Generic Syslog Settings
Updated Sep 19, 2023Syslog ingestion and monitoring
Arctic Wolf® can ingest and monitor syslogs to provide insight into your network and enhance your network security.
Note: Arctic Wolf supports TLS version 1.2 for encrypted syslog data sent to the Arctic Wolf Sensor. If your log source requires older cipher suites, contact your Concierge Security® Team (CST) to discuss an exception.
Arctic Wolf provides a certificate to use when configuring encryption for syslog forwarding. For more informaton, contact your CST.
Supported log formats
Arctic Wolf supports raw log ingestion for syslog integrations. However, we do not currently provide security monitoring for all log types, such as non-RFC logs.
Sylog server settings
Most syslog servers require the same settings for Arctic Wolf to monitor them. Use these settings to enable Arctic Wolf monitoring on your syslog server:
| Parameter | Setting |
|---|---|
| IP address | Arctic Wolf sensor IP address |
| Protocol | TCP or UDP |
| Port | 514 |
| Facility | Default settings |
| Syslog format | Default settings |
| Encrypted syslog | Port 6514 |
Additional configuration
Some syslog servers require additional configuration steps.

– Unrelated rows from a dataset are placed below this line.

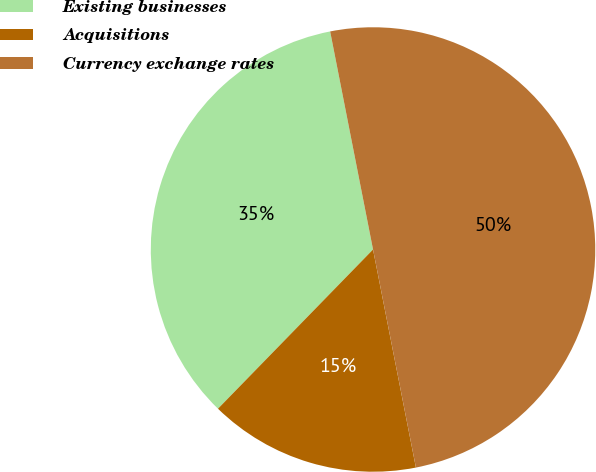Convert chart to OTSL. <chart><loc_0><loc_0><loc_500><loc_500><pie_chart><fcel>Existing businesses<fcel>Acquisitions<fcel>Currency exchange rates<nl><fcel>34.62%<fcel>15.38%<fcel>50.0%<nl></chart> 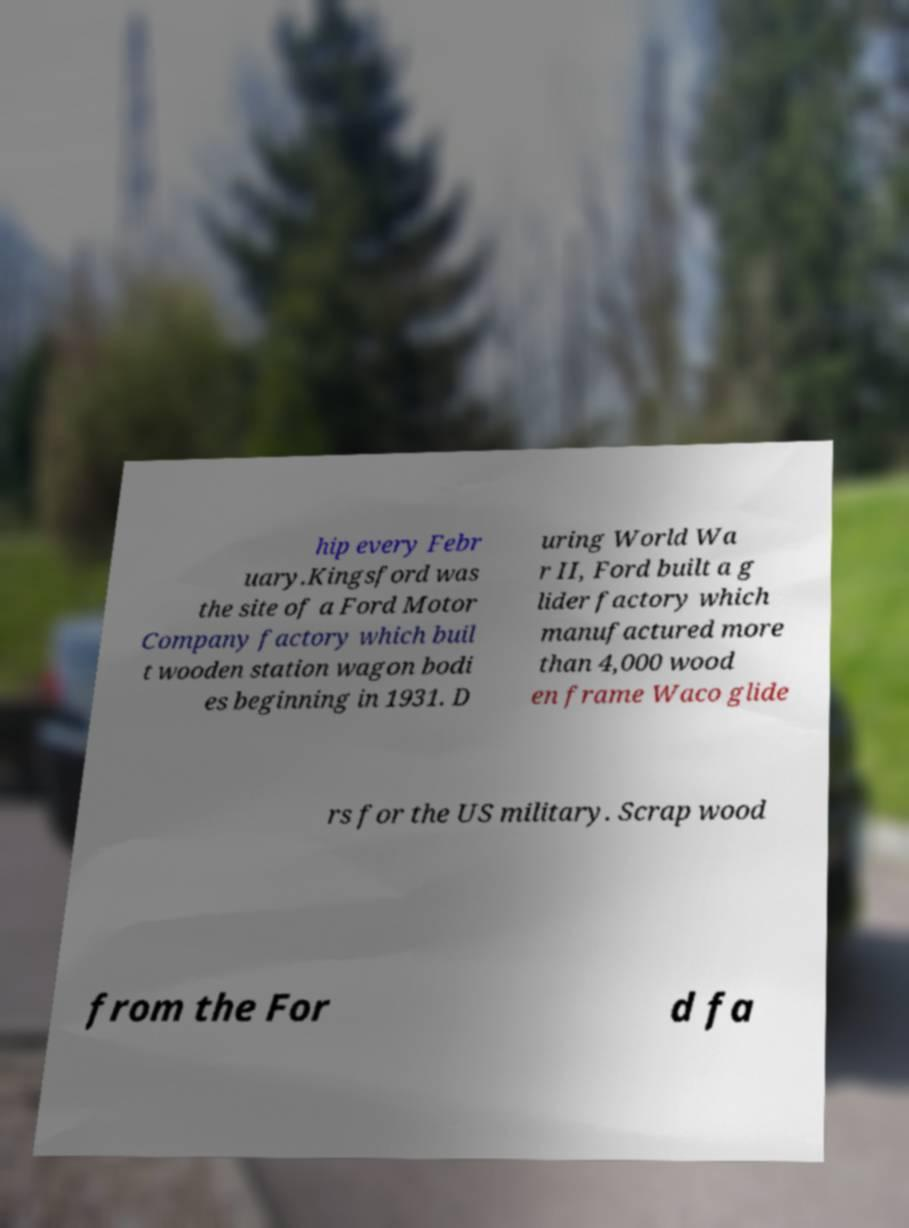Could you extract and type out the text from this image? hip every Febr uary.Kingsford was the site of a Ford Motor Company factory which buil t wooden station wagon bodi es beginning in 1931. D uring World Wa r II, Ford built a g lider factory which manufactured more than 4,000 wood en frame Waco glide rs for the US military. Scrap wood from the For d fa 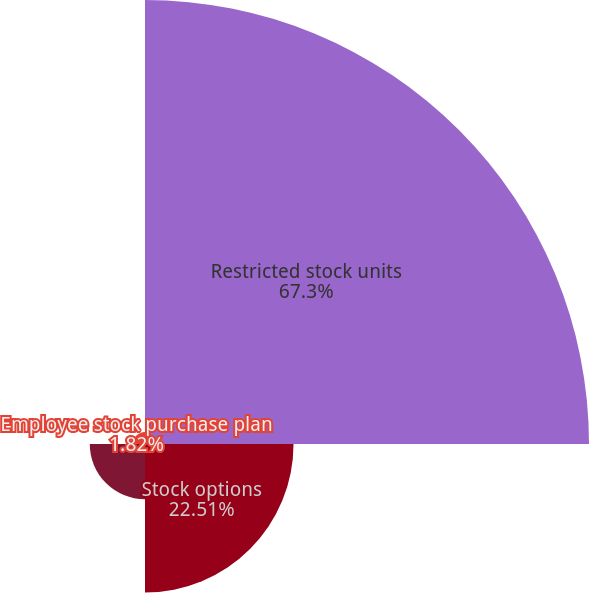<chart> <loc_0><loc_0><loc_500><loc_500><pie_chart><fcel>Restricted stock units<fcel>Stock options<fcel>Restricted stock<fcel>Employee stock purchase plan<nl><fcel>67.29%<fcel>22.51%<fcel>8.37%<fcel>1.82%<nl></chart> 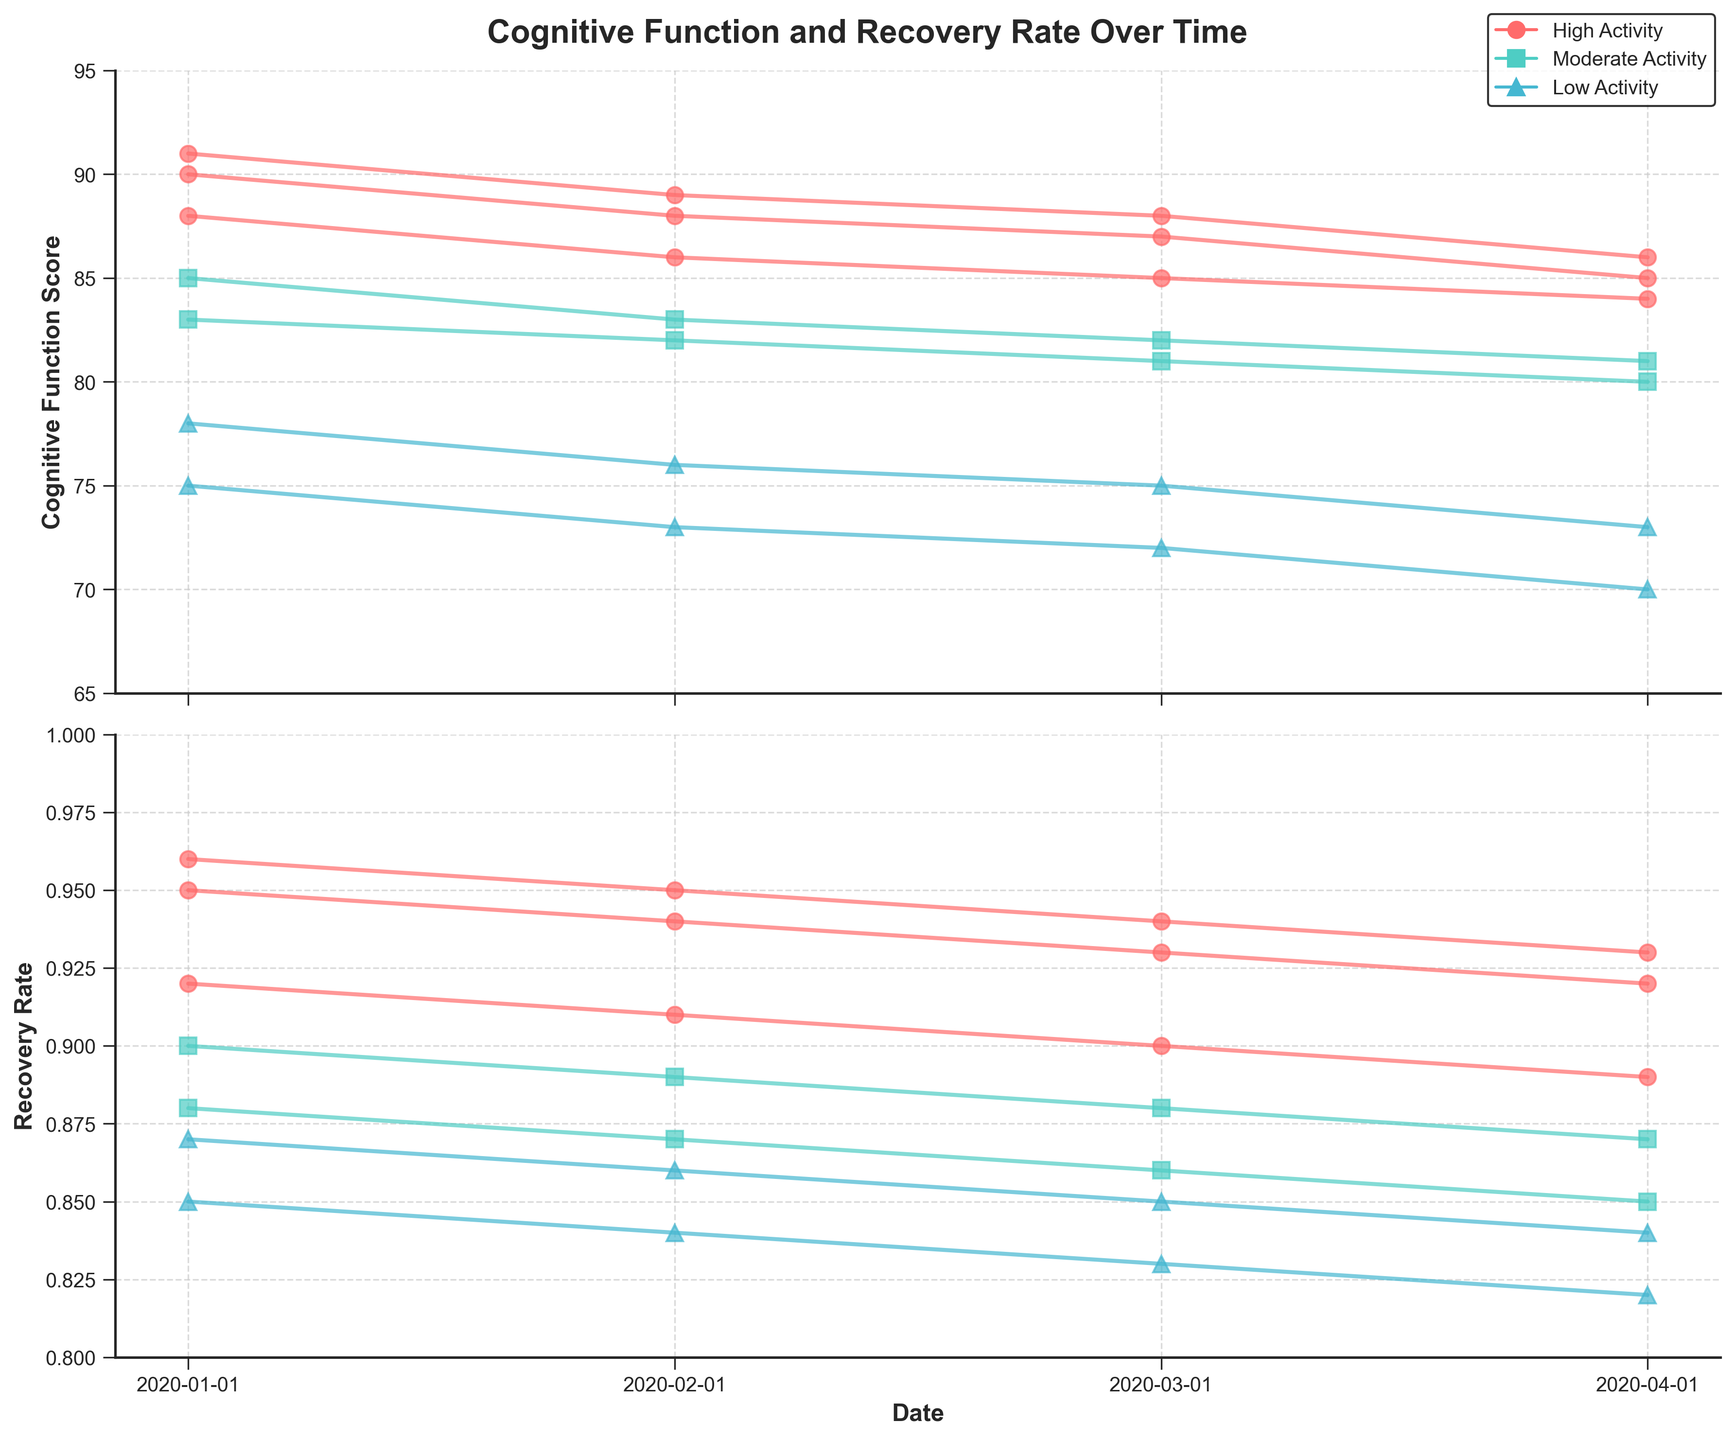What is the title of the figure? The title is located at the top of the figure.
Answer: Cognitive Function and Recovery Rate Over Time How many patients have a "Moderate" physical activity level? Look at the legend to identify the color and symbol for "Moderate" activity, then count the corresponding lines in the plot.
Answer: 2 What is the trend in cognitive function scores for patients with a high physical activity level? Identify the lines corresponding to the high physical activity level and observe their general direction over time.
Answer: Decreasing Which patient had the highest cognitive function score at the beginning of the study? Check the cognitive function scores for all patients on the initial date.
Answer: Patient 107 By how much did the cognitive function score of patient 102 (low activity level) decrease from January to April 2020? Subtract the cognitive function score of April 2020 from January 2020 for patient 102.
Answer: 5 points Which physical activity level shows the least decrease in cognitive function scores over time? Compare the slopes of the lines for different physical activity levels and find the one with the least negative slope.
Answer: Moderate What is the average recovery rate for patients with a high physical activity level in April 2020? Sum the recovery rates in April 2020 for patients with high activity levels and divide by the number of those patients.
Answer: (0.92 + 0.89 + 0.93) / 3 = 0.9133 Do higher physical activity levels correspond to higher initial cognitive function scores? Compare initial cognitive function scores across different activity levels to see if higher levels have higher scores.
Answer: Yes How does the recovery rate for patient 106 change over time? Follow the recovery rate of patient 106 across the time points and note the trend.
Answer: Decreases Which patient has shown the greatest consistency in recovery rate over the study period? Find the patient whose recovery rate changed the least over the time period.
Answer: Patient 107 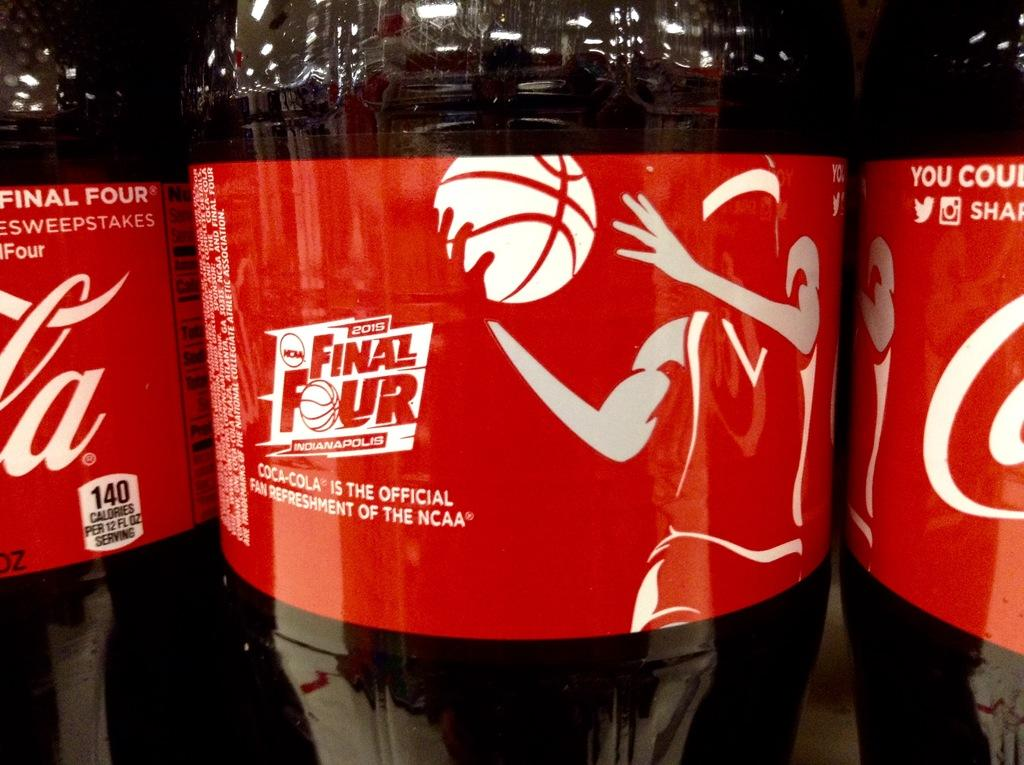How many bottles are visible in the image? There are three bottles in the image. What brand of drink do the bottles contain? The bottles contain Coca-Cola, as indicated by the stickers on them. What is depicted on the stickers of the bottles? The stickers on the bottles depict a person holding a ball. What is inside the bottles? The bottles contain drinks. How does the pig contribute to the washing of the bottles in the image? There is no pig present in the image, and therefore no such activity can be observed. 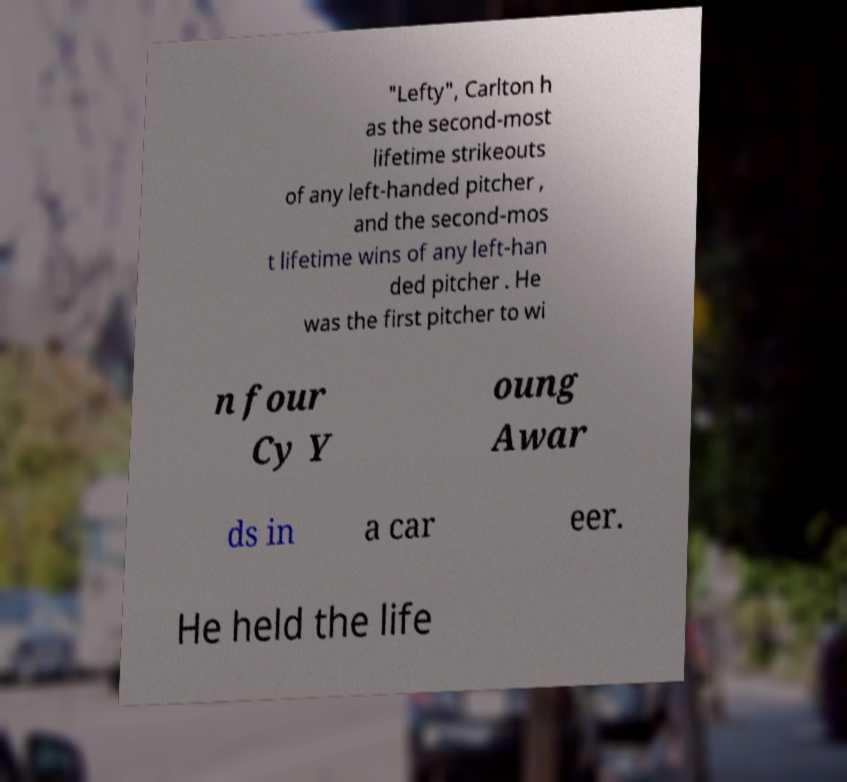What messages or text are displayed in this image? I need them in a readable, typed format. "Lefty", Carlton h as the second-most lifetime strikeouts of any left-handed pitcher , and the second-mos t lifetime wins of any left-han ded pitcher . He was the first pitcher to wi n four Cy Y oung Awar ds in a car eer. He held the life

For steps to enable Arctic Wolf to monitor a specific syslog server, such as Palo Alto, Fortinet, ZScaler, or Infoblox, see Syslog Configurations.
If you have any questions or run into any configuration issues, contact your CST for assistance.
Provide configuration details to Arctic Wolf
- Contact your Concierge Security® Team to inform them that you have configured syslog forwarding, and to validate that the logs are being ingested appropriately. Include the following information:
- Confirmation that you have completed the steps in this configuration guide.
- The IP address you used during the configuration.
- Any other questions or comments that you have.